SUPPLIED MATERIAL.
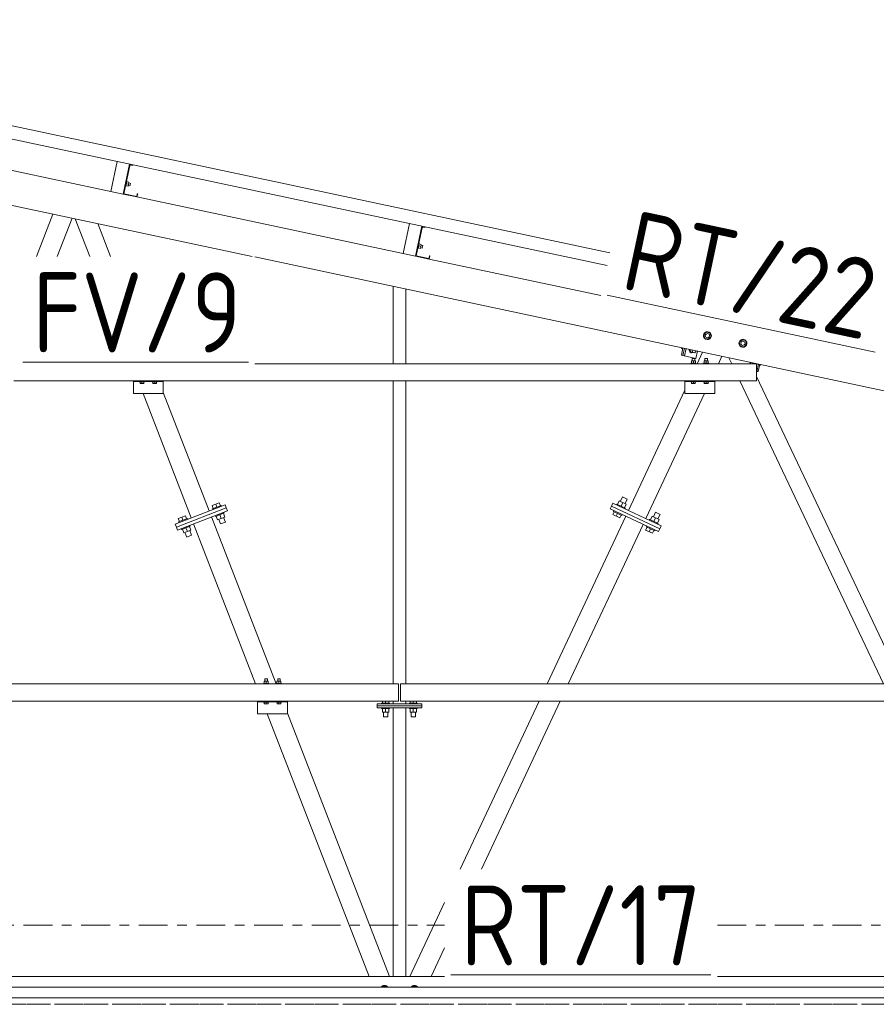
# Model space of a CAD drawing. Header units: millimetres. Extents: x -76 to 1111, y -178 to 661.
# Tile 11 of 91: x 310 to 363, y 39 to 101. Entities that reach past the tile are written whole.
import ezdxf

# ---------------------------------------------------------------- set-up
doc = ezdxf.new("R2010")
doc.units = ezdxf.units.MM
doc.header["$LTSCALE"] = 0.6
for name, pattern in [('VERDECKT2', [1.5, 1, -0.5]), ('XKITLINE00', [0]), ('XKITLINE03', [6, 3, -1, 1, -1])]:
    doc.linetypes.add(name, pattern=pattern)
for name, color, linetype, lineweight in [('Bolt', 7, 'Continuous', 0), ('Part', 2, 'Continuous', 0), ('PartMark', 3, 'Continuous', 0), ('S-GRID', 1, 'Continuous', 0)]:
    doc.layers.add(name, color=color, linetype=linetype, lineweight=lineweight)
doc.styles.add('ISOCPEUR', font='ISOCPEUR.TTF')

msp = doc.modelspace()

# ---------------------------------------------------------------- linework, layer by layer
at = {"layer": 'Bolt', "color": 3, "linetype": 'XKITLINE00', "lineweight": 0}
for p, q in [((316.509, 91.718), (316.542, 91.711)), ((316.558, 91.786), (316.542, 91.711)), ((316.679, 91.716), (316.549, 91.744)), ((316.688, 91.758), (316.679, 91.716)), ((316.232, 90.414), (316.265, 90.407)), ((316.331, 90.72), (316.265, 90.407)), ((316.402, 90.412), (316.271, 90.44)), ((316.298, 90.727), (316.331, 90.72)), ((316.298, 90.564), (316.428, 90.536)), ((316.324, 90.688), (316.455, 90.66)), ((316.455, 90.66), (316.402, 90.412)), ((316.412, 90.458), (316.516, 90.436)), ((316.445, 90.614), (316.549, 90.592)), ((316.549, 90.592), (316.516, 90.436)), ((334.768, 87.837), (334.801, 87.831)), ((334.817, 87.909), (334.801, 87.831)), ((334.938, 87.835), (334.807, 87.863)), ((334.817, 87.909), (334.817, 87.909)), ((334.948, 87.882), (334.938, 87.835)), ((334.948, 87.881), (335.052, 87.859)), ((335.052, 87.859), (335.052, 87.859)), ((334.59, 86.839), (334.523, 86.526)), ((334.557, 86.846), (334.59, 86.839)), ((334.557, 86.683), (334.687, 86.655)), ((334.583, 86.807), (334.713, 86.779)), ((334.713, 86.779), (334.661, 86.531)), ((334.704, 86.733), (334.808, 86.711)), ((334.808, 86.711), (334.775, 86.555)), ((334.491, 86.533), (334.523, 86.526)), ((334.661, 86.531), (334.53, 86.559)), ((334.67, 86.577), (334.775, 86.555)), ((352.521, 81.298), (352.366, 81.126)), ((352.746, 81.25), (352.521, 81.298)), ((352.818, 81.03), (352.746, 81.25)), ((352.366, 81.126), (352.437, 80.906)), ((352.437, 80.906), (352.663, 80.858)), ((352.663, 80.858), (352.818, 81.03)), ((354.738, 80.826), (354.583, 80.655)), ((354.583, 80.655), (354.655, 80.435)), ((354.964, 80.778), (354.738, 80.826)), ((354.88, 80.387), (355.035, 80.559)), ((355.035, 80.559), (354.964, 80.778)), ((350.942, 80.338), (350.964, 80.284)), ((350.964, 80.284), (351.005, 80.257)), ((351.005, 80.257), (351.051, 80.247)), ((351.459, 80.229), (351.457, 80.171)), ((351.457, 80.171), (351.498, 80.07)), ((351.485, 80.165), (351.487, 80.223)), ((351.527, 80.064), (351.485, 80.165)), ((351.498, 80.07), (351.573, 80.02)), ((351.511, 80.217), (351.535, 80.076)), ((351.602, 80.014), (351.527, 80.064)), ((351.535, 80.076), (351.808, 80.018)), ((351.573, 80.02), (351.602, 80.014)), ((351.691, 80.029), (351.602, 80.014)), ((351.654, 80.051), (351.631, 80.192)), ((351.703, 80.04), (351.691, 80.029)), ((351.808, 80.018), (351.887, 80.138)), ((354.655, 80.435), (354.88, 80.387)), ((351.877, 79.367), (351.557, 79.367)), ((351.557, 79.333), (351.557, 79.367)), ((351.844, 79.5), (351.59, 79.5)), ((351.59, 79.5), (351.59, 79.367)), ((351.786, 79.66), (351.637, 79.66)), ((351.637, 79.5), (351.637, 79.66)), ((351.717, 79.367), (351.717, 79.5)), ((351.797, 79.66), (351.786, 79.66)), ((351.797, 79.5), (351.797, 79.66)), ((351.844, 79.367), (351.844, 79.5)), ((351.877, 79.333), (351.877, 79.367)), ((352.677, 79.367), (352.357, 79.367)), ((352.357, 79.333), (352.357, 79.367)), ((352.644, 79.5), (352.39, 79.5)), ((352.39, 79.5), (352.39, 79.367)), ((352.586, 79.66), (352.437, 79.66)), ((352.437, 79.5), (352.437, 79.66)), ((352.517, 79.367), (352.517, 79.5)), ((352.597, 79.66), (352.586, 79.66)), ((352.597, 79.5), (352.597, 79.66)), ((352.644, 79.367), (352.644, 79.5)), ((352.677, 79.333), (352.677, 79.367)), ((355.275, 79.364), (355.308, 79.411)), ((355.378, 79.333), (355.417, 79.387)), ((355.422, 79.333), (355.443, 79.382)), ((355.451, 79.333), (355.469, 79.376)), ((355.853, 79.234), (355.882, 79.238)), ((355.882, 79.238), (355.927, 79.279)), ((317.109, 78.193), (317.109, 78.227)), ((317.429, 78.193), (317.109, 78.193)), ((317.149, 78.093), (317.149, 78.193)), ((317.389, 78.093), (317.149, 78.093)), ((317.269, 78.093), (317.269, 78.193)), ((317.389, 78.193), (317.389, 78.093)), ((317.429, 78.193), (317.429, 78.227)), ((317.909, 78.193), (317.909, 78.227)), ((318.229, 78.193), (317.909, 78.193)), ((317.949, 78.093), (317.949, 78.193)), ((318.189, 78.093), (317.949, 78.093)), ((318.069, 78.093), (318.069, 78.193)), ((318.189, 78.193), (318.189, 78.093)), ((318.229, 78.193), (318.229, 78.227)), ((351.557, 78.193), (351.557, 78.227)), ((351.877, 78.193), (351.557, 78.193)), ((351.597, 78.093), (351.597, 78.193)), ((351.837, 78.093), (351.597, 78.093)), ((351.717, 78.093), (351.717, 78.193)), ((351.837, 78.193), (351.837, 78.093)), ((351.877, 78.193), (351.877, 78.227)), ((352.357, 78.193), (352.357, 78.227)), ((352.677, 78.193), (352.357, 78.193)), ((352.397, 78.093), (352.397, 78.193)), ((352.637, 78.093), (352.397, 78.093)), ((352.517, 78.093), (352.517, 78.193)), ((352.637, 78.193), (352.637, 78.093)), ((352.677, 78.193), (352.677, 78.227)), ((346.982, 70.546), (347.089, 70.775)), ((347.089, 70.775), (347.524, 70.571)), ((347.162, 70.741), (347.292, 71.019)), ((347.582, 70.883), (347.292, 71.019)), ((347.451, 70.605), (347.582, 70.883)), ((322.098, 70.652), (321.651, 70.479)), ((321.723, 70.292), (321.651, 70.479)), ((322.22, 70.485), (321.673, 70.273)), ((321.693, 70.223), (321.673, 70.273)), ((321.947, 70.379), (321.875, 70.566)), ((322.171, 70.466), (322.098, 70.652)), ((322.24, 70.436), (322.22, 70.485)), ((346.682, 69.906), (346.767, 70.087)), ((346.718, 70.11), (346.741, 70.158)), ((347.249, 69.861), (346.718, 70.11)), ((346.911, 70.52), (346.933, 70.569)), ((347.465, 70.319), (346.933, 70.569)), ((347.199, 70.444), (347.307, 70.673)), ((347.524, 70.571), (347.416, 70.342)), ((347.442, 70.271), (347.465, 70.319)), ((319.985, 69.833), (319.537, 69.659)), ((319.61, 69.473), (319.537, 69.659)), ((320.107, 69.666), (319.56, 69.454)), ((319.833, 69.56), (319.761, 69.746)), ((320.057, 69.647), (319.985, 69.833)), ((320.126, 69.616), (320.107, 69.666)), ((321.857, 69.801), (321.837, 69.85)), ((322.403, 70.013), (321.857, 69.801)), ((321.998, 69.584), (321.906, 69.82)), ((322.445, 69.757), (321.998, 69.584)), ((322.183, 69.327), (322.072, 69.613)), ((322.222, 69.671), (322.13, 69.907)), ((322.445, 69.757), (322.354, 69.994)), ((322.482, 69.443), (322.371, 69.728)), ((322.403, 70.013), (322.384, 70.063)), ((347.116, 69.702), (346.682, 69.906)), ((346.899, 69.804), (346.984, 69.985)), ((347.116, 69.702), (347.201, 69.883)), ((347.249, 69.861), (347.272, 69.909)), ((348.963, 69.558), (348.986, 69.606)), ((349.517, 69.357), (348.986, 69.606)), ((349.034, 69.583), (349.141, 69.813)), ((349.141, 69.813), (349.576, 69.609)), ((349.214, 69.779), (349.344, 70.056)), ((349.251, 69.481), (349.359, 69.711)), ((349.634, 69.92), (349.344, 70.056)), ((349.576, 69.609), (349.468, 69.379)), ((349.504, 69.643), (349.634, 69.92)), ((319.579, 69.404), (319.56, 69.454)), ((319.743, 68.981), (319.724, 69.031)), ((320.29, 69.193), (319.743, 68.981)), ((319.884, 68.764), (319.793, 69.001)), ((320.332, 68.938), (319.884, 68.764)), ((320.108, 68.851), (320.017, 69.087)), ((320.332, 68.938), (320.24, 69.174)), ((320.368, 68.623), (320.257, 68.909)), ((320.29, 69.193), (320.271, 69.243)), ((322.482, 69.443), (322.183, 69.327)), ((348.734, 68.943), (348.819, 69.125)), ((349.168, 68.74), (348.734, 68.943)), ((348.77, 69.147), (348.793, 69.195)), ((349.301, 68.898), (348.77, 69.147)), ((348.951, 68.842), (349.036, 69.023)), ((349.168, 68.74), (349.253, 68.921)), ((349.301, 68.898), (349.324, 68.946)), ((349.494, 69.308), (349.517, 69.357)), ((320.07, 68.507), (319.959, 68.793)), ((320.368, 68.623), (320.07, 68.507)), ((325.108, 59.661), (324.948, 59.661)), ((324.948, 59.5), (324.948, 59.661)), ((325.108, 59.5), (325.108, 59.661)), ((325.908, 59.661), (325.748, 59.661)), ((325.748, 59.5), (325.748, 59.661)), ((325.908, 59.5), (325.908, 59.661)), ((325.188, 59.367), (324.868, 59.367)), ((324.868, 59.333), (324.868, 59.367)), ((324.901, 59.5), (325.155, 59.5)), ((324.901, 59.367), (324.901, 59.5)), ((325.028, 59.367), (325.028, 59.5)), ((325.155, 59.5), (325.155, 59.367)), ((325.188, 59.333), (325.188, 59.367)), ((325.988, 59.367), (325.668, 59.367)), ((325.668, 59.333), (325.668, 59.367)), ((325.701, 59.5), (325.955, 59.5)), ((325.701, 59.367), (325.701, 59.5)), ((325.828, 59.367), (325.828, 59.5)), ((325.955, 59.5), (325.955, 59.367)), ((325.988, 59.333), (325.988, 59.367)), ((324.868, 58.194), (324.868, 58.228)), ((325.188, 58.194), (324.868, 58.194)), ((324.908, 58.094), (324.908, 58.194)), ((325.148, 58.094), (324.908, 58.094)), ((325.028, 58.094), (325.028, 58.194)), ((325.148, 58.094), (325.148, 58.194)), ((325.188, 58.194), (325.188, 58.228)), ((325.668, 58.194), (325.668, 58.228)), ((325.988, 58.194), (325.668, 58.194)), ((325.708, 58.094), (325.708, 58.194)), ((325.948, 58.094), (325.708, 58.094)), ((325.828, 58.094), (325.828, 58.194)), ((325.948, 58.094), (325.948, 58.194)), ((325.988, 58.194), (325.988, 58.228)), ((332.736, 58.144), (332.242, 58.144)), ((332.242, 58.104), (332.242, 58.144)), ((332.242, 57.797), (332.242, 57.837)), ((332.736, 57.797), (332.242, 57.797)), ((332.289, 58.144), (332.289, 58.267)), ((332.289, 57.584), (332.289, 57.797)), ((332.489, 58.144), (332.489, 58.267)), ((332.489, 57.584), (332.489, 57.797)), ((332.689, 58.144), (332.689, 58.267)), ((332.689, 57.584), (332.689, 57.797)), ((332.736, 58.104), (332.736, 58.144)), ((332.736, 57.797), (332.736, 57.837)), ((334.469, 58.144), (333.976, 58.144)), ((333.976, 58.104), (333.976, 58.144)), ((333.976, 57.797), (333.976, 57.837)), ((334.469, 57.797), (333.976, 57.797)), ((334.022, 58.144), (334.022, 58.267)), ((334.022, 57.584), (334.022, 57.797)), ((334.222, 58.144), (334.222, 58.267)), ((334.222, 57.584), (334.222, 57.797)), ((334.422, 58.144), (334.422, 58.267)), ((334.422, 57.584), (334.422, 57.797)), ((334.469, 58.104), (334.469, 58.144)), ((334.469, 57.797), (334.469, 57.837)), ((332.289, 57.584), (332.689, 57.584)), ((332.356, 57.277), (332.356, 57.584)), ((332.622, 57.277), (332.356, 57.277)), ((332.622, 57.277), (332.622, 57.584)), ((334.022, 57.584), (334.422, 57.584)), ((334.089, 57.277), (334.089, 57.584)), ((334.356, 57.277), (334.089, 57.277)), ((334.356, 57.277), (334.356, 57.584)), ((332.269, 40.4), (332.307, 40.467)), ((332.307, 40.467), (332.538, 40.467)), ((332.538, 40.467), (332.577, 40.4)), ((334.135, 40.4), (334.174, 40.467)), ((334.174, 40.467), (334.405, 40.467)), ((334.405, 40.467), (334.443, 40.4))]:
    msp.add_line(p, q, dxfattribs=at)
for centre, radius, start, end in [((352.592, 81.078), 0.247, 18.00037, 198.00037), ((352.592, 81.078), 0.247, 198.00037, 18.00037), ((352.592, 81.078), 0.133, 18.00037, 198.00037), ((352.592, 81.078), 0.133, 198.00037, 18.00037), ((354.809, 80.607), 0.247, 18.00037, 198.00037), ((354.809, 80.607), 0.247, 198.00037, 18.00037), ((354.809, 80.607), 0.133, 18.00037, 198.00037), ((354.809, 80.607), 0.133, 198.00037, 18.00037), ((332.423, 40.267), 0.247, 33.21741, 146.78259), ((334.289, 40.267), 0.247, 33.21741, 146.78259)]:
    msp.add_arc(centre, radius, start, end, dxfattribs=at)
at = {"layer": 'Part', "color": 2, "linetype": 'XKITLINE00', "lineweight": 0}
for p, q in [((346.493, 86.248), (277.902, 100.81)), ((346.327, 85.466), (277.736, 100.027)), ((278.291, 95.78), (324.149, 86.033)), ((298.703, 93.623), (316.101, 89.925)), ((315.318, 90.091), (315.716, 91.964)), ((316.101, 89.924), (316.499, 91.798)), ((316.525, 91.793), (316.132, 89.945)), ((316.961, 89.741), (316.101, 89.924)), ((316.132, 89.945), (316.941, 89.773)), ((316.941, 89.773), (316.977, 89.942)), ((317.003, 89.937), (316.961, 89.741)), ((316.977, 89.942), (317.003, 89.937)), ((316.961, 89.742), (334.359, 86.044)), ((310.69, 86.033), (311.712, 88.677)), ((311.977, 86.033), (312.901, 88.424)), ((314.018, 86.033), (313.108, 88.38)), ((315.305, 86.033), (314.511, 88.082)), ((333.577, 86.21), (333.976, 88.088)), ((334.359, 86.043), (334.759, 87.922)), ((334.785, 87.916), (334.391, 86.064)), ((324.324, 85.996), (405.157, 68.815)), ((335.22, 85.86), (334.359, 86.043)), ((334.391, 86.064), (335.2, 85.892)), ((335.2, 85.892), (335.236, 86.061)), ((335.262, 86.056), (335.22, 85.86)), ((335.22, 85.861), (345.927, 83.585)), ((335.236, 86.061), (335.262, 86.056)), ((332.956, 79.333), (332.956, 84.161)), ((333.756, 79.333), (333.756, 83.991)), ((350.968, 79.856), (351.065, 80.312)), ((351.063, 79.835), (351.16, 80.292)), ((351.063, 79.835), (351.16, 80.292)), ((351.159, 79.815), (351.256, 80.272)), ((351.869, 79.664), (351.966, 80.121)), ((351.959, 79.333), (352.295, 80.051)), ((355.667, 79.333), (324.324, 79.333)), ((350.968, 79.856), (351.063, 79.835)), ((351.063, 79.835), (351.869, 79.664)), ((353.284, 79.333), (353.5, 79.795)), ((354.109, 79.333), (353.934, 79.703)), ((355.289, 79.333), (355.246, 79.424)), ((355.667, 78.267), (355.667, 79.333)), ((355.667, 79.218), (355.691, 79.329)), ((355.681, 78.854), (355.778, 79.311)), ((355.681, 78.854), (355.778, 79.311)), ((355.667, 78.857), (355.681, 78.854)), ((355.681, 78.854), (355.768, 78.835)), ((355.768, 78.835), (355.865, 79.292)), ((309.26, 78.267), (316.736, 78.267)), ((316.736, 78.267), (316.736, 77.467)), ((316.736, 78.267), (318.602, 78.267)), ((316.736, 78.227), (318.602, 78.227)), ((318.602, 78.267), (351.184, 78.267)), ((318.602, 78.267), (318.602, 77.467)), ((332.956, 59.333), (332.956, 78.267)), ((333.756, 59.333), (333.756, 78.267)), ((351.184, 78.267), (351.184, 77.467)), ((351.184, 78.267), (353.05, 78.267)), ((351.184, 78.227), (353.05, 78.227)), ((353.05, 78.267), (355.667, 78.267)), ((353.05, 78.267), (353.05, 77.467)), ((363.59, 59.333), (354.614, 78.267)), ((364.77, 59.333), (355.667, 78.536)), ((316.736, 77.467), (318.602, 77.467)), ((320.35, 69.703), (317.34, 77.467)), ((321.469, 70.137), (318.602, 77.529)), ((347.659, 70.169), (351.184, 77.682)), ((348.746, 69.66), (352.408, 77.467)), ((351.184, 77.467), (353.05, 77.467)), ((322.463, 70.522), (319.355, 69.317)), ((322.536, 70.336), (319.428, 69.131)), ((322.536, 70.336), (319.428, 69.131)), ((322.608, 70.149), (319.5, 68.944)), ((322.536, 70.336), (322.463, 70.522)), ((322.608, 70.149), (322.536, 70.336)), ((346.609, 70.441), (346.524, 70.26)), ((346.524, 70.26), (349.541, 68.844)), ((346.694, 70.622), (346.609, 70.441)), ((346.609, 70.441), (349.626, 69.025)), ((346.609, 70.441), (349.626, 69.025)), ((346.694, 70.622), (349.711, 69.207)), ((325.658, 59.333), (321.613, 69.764)), ((342.576, 59.333), (347.489, 69.807)), ((319.428, 69.131), (319.355, 69.317)), ((319.5, 68.944), (319.428, 69.131)), ((324.371, 59.333), (320.495, 69.33)), ((343.901, 59.333), (348.576, 69.297)), ((349.626, 69.025), (349.541, 68.844)), ((349.711, 69.207), (349.626, 69.025)), ((246.124, 59.333), (333.289, 59.333)), ((333.289, 58.267), (333.289, 59.333)), ((384.145, 59.333), (333.419, 59.333)), ((333.419, 59.333), (333.419, 58.267)), ((301.531, 58.267), (324.495, 58.267)), ((324.495, 58.268), (324.495, 57.468)), ((324.495, 58.268), (326.361, 58.268)), ((324.495, 58.228), (326.361, 58.228)), ((326.361, 58.268), (326.361, 57.468)), ((326.361, 58.267), (333.289, 58.267)), ((331.956, 58.104), (331.956, 57.97)), ((331.956, 58.104), (334.756, 58.104)), ((331.956, 57.97), (331.956, 57.837)), ((331.956, 57.97), (334.756, 57.97)), ((331.956, 57.97), (334.756, 57.97)), ((331.956, 57.837), (334.756, 57.837)), ((332.956, 58.104), (332.956, 58.267)), ((332.956, 41.067), (332.956, 57.837)), ((449.763, 58.267), (333.419, 58.267)), ((333.756, 58.104), (333.756, 58.267)), ((333.756, 41.067), (333.756, 57.837)), ((334.756, 58.104), (334.756, 57.97)), ((334.756, 57.97), (334.756, 57.837)), ((337.149, 47.767), (342.075, 58.267)), ((338.475, 47.767), (343.401, 58.267)), ((324.495, 57.468), (326.361, 57.468)), ((331.454, 41.067), (325.094, 57.468)), ((332.741, 41.067), (326.361, 57.519)), ((334.006, 41.067), (336.174, 45.688)), ((335.331, 41.067), (336.174, 42.862)), ((278.227, 41.067), (336.174, 41.067)), ((353.213, 41.067), (411.16, 41.067)), ((410.364, 40.4), (279.031, 40.4)), ((410.364, 39.733), (279.031, 39.733))]:
    msp.add_line(p, q, dxfattribs=at)
at = {"layer": 'Part', "color": 4, "linetype": 'VERDECKT2', "lineweight": 0}
msp.add_line((19.356, 39.333), (536.689, 39.333), dxfattribs=at)
at = {"layer": 'PartMark', "color": 1, "linetype": 'XKITLINE00', "lineweight": 0}
for p, q in [((346.339, 83.6), (363.064, 80.045)), ((309.833, 79.433), (323.924, 79.433)), ((336.574, 41.167), (352.813, 41.167))]:
    msp.add_line(p, q, dxfattribs=at)
at = {"layer": 'S-GRID', "color": 1, "linetype": 'XKITLINE03', "lineweight": 0}
for p, q in [((219.875, 44.267), (336.174, 44.267)), ((353.213, 44.267), (465.875, 44.267)), ((-12.185, 39.333), (565.052, 39.333))]:
    msp.add_line(p, q, dxfattribs=at)

# ---------------------------------------------------------------- texts
at = {"layer": 'PartMark', "color": 1, "style": 'ISOCPEUR', "width": 0.85}
msp.add_text('RT/22', height=5, rotation=-11.99774, dxfattribs=at).set_placement((347.051, 84.062))
for s, p in [('FV/9', (310.433, 80.033)), ('RT/17', (337.174, 41.767))]:
    msp.add_text(s, height=5, dxfattribs=at).set_placement(p)

doc.saveas('drawing.dxf')

PROBLEM STATEMENT.
Once you reach the line with "import ezdxf" in the data above, copy it and every line after it exactly, up to and including the line with "layer by layer".

SOLUTION TO THIS PROBLEM.
import ezdxf

# ---------------------------------------------------------------- set-up
doc = ezdxf.new("R2010")
doc.units = ezdxf.units.MM
doc.header["$LTSCALE"] = 0.6
for name, pattern in [('VERDECKT2', [1.5, 1, -0.5]), ('XKITLINE00', [0]), ('XKITLINE03', [6, 3, -1, 1, -1])]:
    doc.linetypes.add(name, pattern=pattern)
for name, color, linetype, lineweight in [('Bolt', 7, 'Continuous', 0), ('Part', 2, 'Continuous', 0), ('PartMark', 3, 'Continuous', 0), ('S-GRID', 1, 'Continuous', 0)]:
    doc.layers.add(name, color=color, linetype=linetype, lineweight=lineweight)
doc.styles.add('ISOCPEUR', font='ISOCPEUR.TTF')

msp = doc.modelspace()

# ---------------------------------------------------------------- linework, layer by layer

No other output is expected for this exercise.